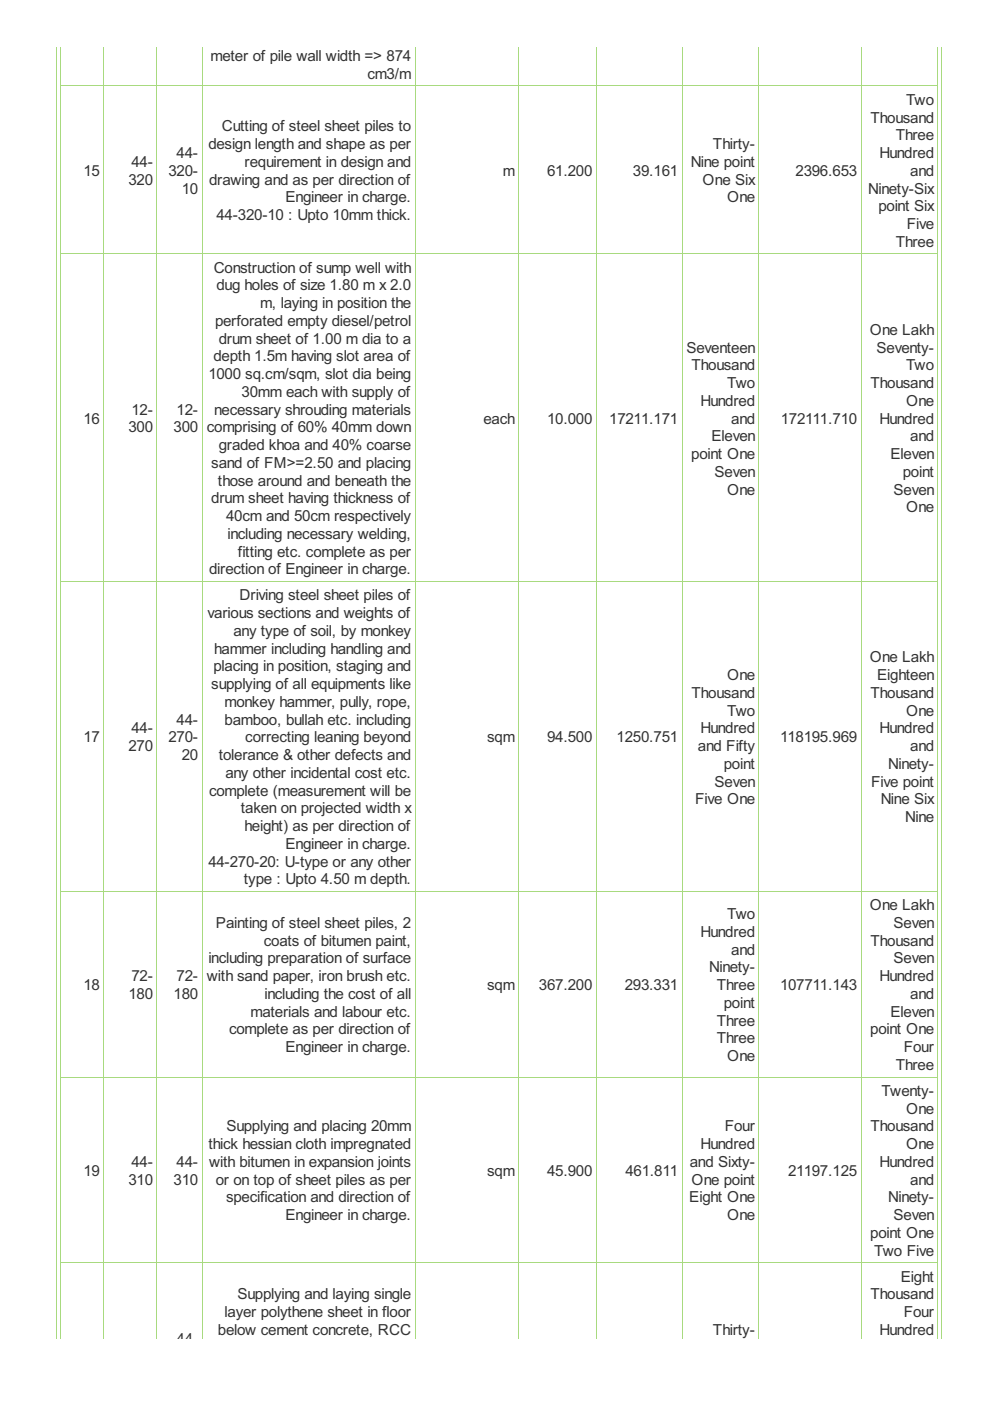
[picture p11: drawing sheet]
<svg xmlns="http://www.w3.org/2000/svg" width="210mm" height="297mm" viewBox="0 0 210 297" stroke-linecap="round" stroke-linejoin="round" font-family="sans-serif">
<defs><g id="words">
<g font-size="3.6" fill="#333">
<text x="44.6" y="13">meter of pile wall width =&gt; 874</text>
<text x="77.9" y="16.7">cm3/m</text>
<text x="192.1" y="22.2">Two</text>
<text x="47.1" y="27.9">Cutting of steel sheet piles to</text>
<text x="184.6" y="26">Thousand</text>
<text x="189.9" y="29.7">Three</text>
<text x="27.9" y="35.4">44-</text>
<text x="37.4" y="33.5">44-</text>
<text x="44.2" y="31.6">design length and shape as per</text>
<text x="51.9" y="35.4">requirement in design and</text>
<text x="146.5" y="35.4">Nine point</text>
<text x="151.2" y="31.6">Thirty-</text>
<text x="186.5" y="33.5">Hundred</text>
<text x="17.7" y="37.3">15</text>
<text x="27.2" y="39.2">320</text>
<text x="35.7" y="37.3">320-</text>
<text x="38.5" y="41">10</text>
<text x="44.3" y="39.2">drawing and as per direction of</text>
<text x="106.6" y="37.3">m</text>
<text x="116" y="37.3">61.200</text>
<text x="134.2" y="37.3">39.161</text>
<text x="149" y="39.2">One Six</text>
<text x="168.7" y="37.3">2396.653</text>
<text x="184.1" y="41">Ninety-Six</text>
<text x="193" y="37.3">and</text>
<text x="45.9" y="46.7">44-320-10 : Upto 10mm thick.</text>
<text x="60.5" y="42.9">Engineer in charge.</text>
<text x="154.2" y="42.9">One</text>
<text x="186.2" y="44.8">point Six</text>
<text x="189.9" y="52.3">Three</text>
<text x="192.3" y="48.6">Five</text>
<text x="45.3" y="57.8">Construction of sump well with</text>
<text x="45.9" y="61.6">dug holes of size 1.80 m x 2.0</text>
<text x="55.2" y="65.3">m, laying in position the</text>
<text x="45.6" y="69.1">perforated empty diesel/petrol</text>
<text x="184.4" y="71">One Lakh</text>
<text x="45.3" y="76.6">depth 1.5m having slot area of</text>
<text x="46.4" y="72.9">drum sheet of 1.00 m dia to a</text>
<text x="145.5" y="74.8">Seventeen</text>
<text x="185.8" y="74.8">Seventy-</text>
<text x="44.2" y="80.4">1000 sq.cm/sqm, slot dia being</text>
<text x="146.6" y="78.5">Thousand</text>
<text x="154.2" y="82.3">Two</text>
<text x="184.6" y="82.3">Thousand</text>
<text x="192.1" y="78.5">Two</text>
<text x="17.7" y="89.8">16</text>
<text x="27.9" y="87.9">12-</text>
<text x="37.4" y="87.9">12-</text>
<text x="45.4" y="87.9">necessary shrouding materials</text>
<text x="51.2" y="84.2">30mm each with supply of</text>
<text x="102.5" y="89.8">each</text>
<text x="116" y="89.8">10.000</text>
<text x="129.2" y="89.8">17211.171</text>
<text x="148.5" y="86">Hundred</text>
<text x="155" y="89.8">and</text>
<text x="165.5" y="89.8">172111.710</text>
<text x="186.5" y="89.8">Hundred</text>
<text x="192.1" y="86">One</text>
<text x="27.2" y="91.7">300</text>
<text x="36.8" y="91.7">300</text>
<text x="43.9" y="91.7">comprising of 60% 40mm down</text>
<text x="46.4" y="95.5">graded khoa and 40% coarse</text>
<text x="150.9" y="93.6">Eleven</text>
<text x="193" y="93.6">and</text>
<text x="44.8" y="99.2">sand of FM&gt;=2.50 and placing</text>
<text x="146.6" y="97.3">point One</text>
<text x="151.5" y="101.1">Seven</text>
<text x="188.8" y="97.3">Eleven</text>
<text x="191.4" y="101.1">point</text>
<text x="44.8" y="106.7">drum sheet having thickness of</text>
<text x="46.2" y="103">those around and beneath the</text>
<text x="154.2" y="104.9">One</text>
<text x="189.4" y="104.9">Seven</text>
<text x="47.9" y="110.5">40cm and 50cm respectively</text>
<text x="192.1" y="108.6">One</text>
<text x="48.3" y="114.3">including necessary welding,</text>
<text x="50.4" y="118">fitting etc. complete as per</text>
<text x="44.3" y="121.8">direction of Engineer in charge.</text>
<text x="44" y="131">various sections and weights of</text>
<text x="50.8" y="127.3">Driving steel sheet piles of</text>
<text x="49.5" y="134.8">any type of soil, by monkey</text>
<text x="45.3" y="142.3">placing in position, staging and</text>
<text x="45.4" y="138.6">hammer including handling and</text>
<text x="184.4" y="140.5">One Lakh</text>
<text x="44.8" y="146.1">supplying of all equipments like</text>
<text x="47.6" y="149.9">monkey hammer, pully, rope,</text>
<text x="146.6" y="148">Thousand</text>
<text x="154.2" y="144.2">One</text>
<text x="184.6" y="148">Thousand</text>
<text x="186" y="144.2">Eighteen</text>
<text x="27.9" y="155.5">44-</text>
<text x="37.4" y="153.6">44-</text>
<text x="47.6" y="153.6">bamboo, bullah etc. including</text>
<text x="148.5" y="155.5">Hundred</text>
<text x="154.2" y="151.7">Two</text>
<text x="186.5" y="155.5">Hundred</text>
<text x="192.1" y="151.7">One</text>
<text x="17.7" y="157.4">17</text>
<text x="27.2" y="159.3">270</text>
<text x="35.7" y="157.4">270-</text>
<text x="38.5" y="161.2">20</text>
<text x="46.4" y="161.2">tolerance &amp; other defects and</text>
<text x="52" y="157.4">correcting leaning beyond</text>
<text x="103.3" y="157.4">sqm</text>
<text x="116" y="157.4">94.500</text>
<text x="130.7" y="157.4">1250.751</text>
<text x="148" y="159.3">and Fifty</text>
<text x="165.4" y="157.4">118195.969</text>
<text x="193" y="159.3">and</text>
<text x="47.8" y="164.9">any other incidental cost etc.</text>
<text x="151.5" y="166.8">Seven</text>
<text x="153.5" y="163">point</text>
<text x="184.7" y="166.8">Five point</text>
<text x="188.3" y="163">Ninety-</text>
<text x="44.3" y="168.7">complete (measurement will be</text>
<text x="51.1" y="172.4">taken on projected width x</text>
<text x="147.4" y="170.6">Five One</text>
<text x="186.8" y="170.6">Nine Six</text>
<text x="51.9" y="176.2">height) as per direction of</text>
<text x="60.5" y="180">Engineer in charge.</text>
<text x="191.9" y="174.3">Nine</text>
<text x="44.2" y="183.7">44-270-20: U-type or any other</text>
<text x="51.7" y="187.5">type : Upto 4.50 m depth.</text>
<text x="45.8" y="196.7">Painting of steel sheet piles, 2</text>
<text x="154.2" y="194.9">Two</text>
<text x="184.4" y="193">One Lakh</text>
<text x="189.4" y="196.7">Seven</text>
<text x="55.9" y="200.5">coats of bitumen paint,</text>
<text x="148.5" y="198.6">Hundred</text>
<text x="155" y="202.4">and</text>
<text x="184.6" y="200.5">Thousand</text>
<text x="17.7" y="209.9">18</text>
<text x="27.9" y="208">72-</text>
<text x="37.4" y="208">72-</text>
<text x="43.9" y="208">with sand paper, iron brush etc.</text>
<text x="44.2" y="204.3">including preparation of surface</text>
<text x="103.3" y="209.9">sqm</text>
<text x="114.3" y="209.9">367.200</text>
<text x="132.5" y="209.9">293.331</text>
<text x="150.4" y="206.2">Ninety-</text>
<text x="152" y="209.9">Three</text>
<text x="165.4" y="209.9">107711.143</text>
<text x="186.5" y="208">Hundred</text>
<text x="189.4" y="204.3">Seven</text>
<text x="27.2" y="211.8">180</text>
<text x="36.8" y="211.8">180</text>
<text x="53.1" y="215.6">materials and labour etc.</text>
<text x="56.1" y="211.8">including the cost of all</text>
<text x="153.5" y="213.7">point</text>
<text x="188.8" y="215.6">Eleven</text>
<text x="193" y="211.8">and</text>
<text x="48.6" y="219.3">complete as per direction of</text>
<text x="152" y="217.4">Three</text>
<text x="152" y="221.2">Three</text>
<text x="184.5" y="219.3">point One</text>
<text x="60.5" y="223.1">Engineer in charge.</text>
<text x="154.2" y="225">One</text>
<text x="189.9" y="226.9">Three</text>
<text x="191.6" y="223.1">Four</text>
<text x="186.9" y="232.3">Twenty-</text>
<text x="48" y="239.9">Supplying and placing 20mm</text>
<text x="153.7" y="239.9">Four</text>
<text x="184.6" y="239.9">Thousand</text>
<text x="192.1" y="236.1">One</text>
<text x="44.2" y="243.6">thick hessian cloth impregnated</text>
<text x="148.5" y="243.6">Hundred</text>
<text x="192.1" y="243.6">One</text>
<text x="17.7" y="249.3">19</text>
<text x="27.2" y="251.2">310</text>
<text x="27.9" y="247.4">44-</text>
<text x="36.8" y="251.2">310</text>
<text x="37.4" y="247.4">44-</text>
<text x="44.3" y="247.4">with bitumen in expansion joints</text>
<text x="45.7" y="251.2">or on top of sheet piles as per</text>
<text x="103.3" y="249.3">sqm</text>
<text x="116" y="249.3">45.900</text>
<text x="132.6" y="249.3">461.811</text>
<text x="146.3" y="247.4">and Sixty-</text>
<text x="146.6" y="251.2">One point</text>
<text x="167.1" y="249.3">21197.125</text>
<text x="186.5" y="247.4">Hundred</text>
<text x="193" y="251.2">and</text>
<text x="47.9" y="254.9">specification and direction of</text>
<text x="146.2" y="254.9">Eight One</text>
<text x="188.3" y="254.9">Ninety-</text>
<text x="60.5" y="258.7">Engineer in charge.</text>
<text x="154.2" y="258.7">One</text>
<text x="184.5" y="262.5">point One</text>
<text x="189.4" y="258.7">Seven</text>
<text x="185.4" y="266.2">Two Five</text>
<text x="50.3" y="275.5">Supplying and laying single</text>
<text x="184.6" y="275.5">Thousand</text>
<text x="191" y="271.7">Eight</text>
<text x="47.6" y="279.2">layer polythene sheet in floor</text>
<text x="191.6" y="279.2">Four</text>
<text x="37.4" y="284.9">44-</text>
<text x="46.2" y="283">below cement concrete, RCC</text>
<text x="151.2" y="283">Thirty-</text>
<text x="186.5" y="283">Hundred</text>
</g>
</g></defs>
<g fill="none" stroke="#a8da7f" stroke-width=".21">
<path d="M12 9.9v273.9M12.8 18.2h186.1M12.9 9.9v273.9M22 9.9v273.9M33.3 9.9v273.9M42.8 9.9v273.9M88 9.9v273.9M110 9.9v273.9M126.4 9.9v273.9M144.6 9.9v273.9M160.9 9.9v273.9M182.6 9.9v273.9"/>
<path d="M198.9 9.9v273.9M199.7 9.9v273.9M12.8 53.8h186.1M12.8 123.3h186.1M12.8 189h186.1M12.8 228.3h186.1M12.8 267.7h186.1"/>
</g>
<use href="#words"/>
</svg>
======
> **Directions for this task**
Extract, word for word, each line from the top of the data down to and including the line with "dia to a</text>"; skip the pictures.

> **Result**
[picture p11: drawing sheet]
<svg xmlns="http://www.w3.org/2000/svg" width="210mm" height="297mm" viewBox="0 0 210 297" stroke-linecap="round" stroke-linejoin="round" font-family="sans-serif">
<defs><g id="words">
<g font-size="3.6" fill="#333">
<text x="44.6" y="13">meter of pile wall width =&gt; 874</text>
<text x="77.9" y="16.7">cm3/m</text>
<text x="192.1" y="22.2">Two</text>
<text x="47.1" y="27.9">Cutting of steel sheet piles to</text>
<text x="184.6" y="26">Thousand</text>
<text x="189.9" y="29.7">Three</text>
<text x="27.9" y="35.4">44-</text>
<text x="37.4" y="33.5">44-</text>
<text x="44.2" y="31.6">design length and shape as per</text>
<text x="51.9" y="35.4">requirement in design and</text>
<text x="146.5" y="35.4">Nine point</text>
<text x="151.2" y="31.6">Thirty-</text>
<text x="186.5" y="33.5">Hundred</text>
<text x="17.7" y="37.3">15</text>
<text x="27.2" y="39.2">320</text>
<text x="35.7" y="37.3">320-</text>
<text x="38.5" y="41">10</text>
<text x="44.3" y="39.2">drawing and as per direction of</text>
<text x="106.6" y="37.3">m</text>
<text x="116" y="37.3">61.200</text>
<text x="134.2" y="37.3">39.161</text>
<text x="149" y="39.2">One Six</text>
<text x="168.7" y="37.3">2396.653</text>
<text x="184.1" y="41">Ninety-Six</text>
<text x="193" y="37.3">and</text>
<text x="45.9" y="46.7">44-320-10 : Upto 10mm thick.</text>
<text x="60.5" y="42.9">Engineer in charge.</text>
<text x="154.2" y="42.9">One</text>
<text x="186.2" y="44.8">point Six</text>
<text x="189.9" y="52.3">Three</text>
<text x="192.3" y="48.6">Five</text>
<text x="45.3" y="57.8">Construction of sump well with</text>
<text x="45.9" y="61.6">dug holes of size 1.80 m x 2.0</text>
<text x="55.2" y="65.3">m, laying in position the</text>
<text x="45.6" y="69.1">perforated empty diesel/petrol</text>
<text x="184.4" y="71">One Lakh</text>
<text x="45.3" y="76.6">depth 1.5m having slot area of</text>
<text x="46.4" y="72.9">drum sheet of 1.00 m dia to a</text>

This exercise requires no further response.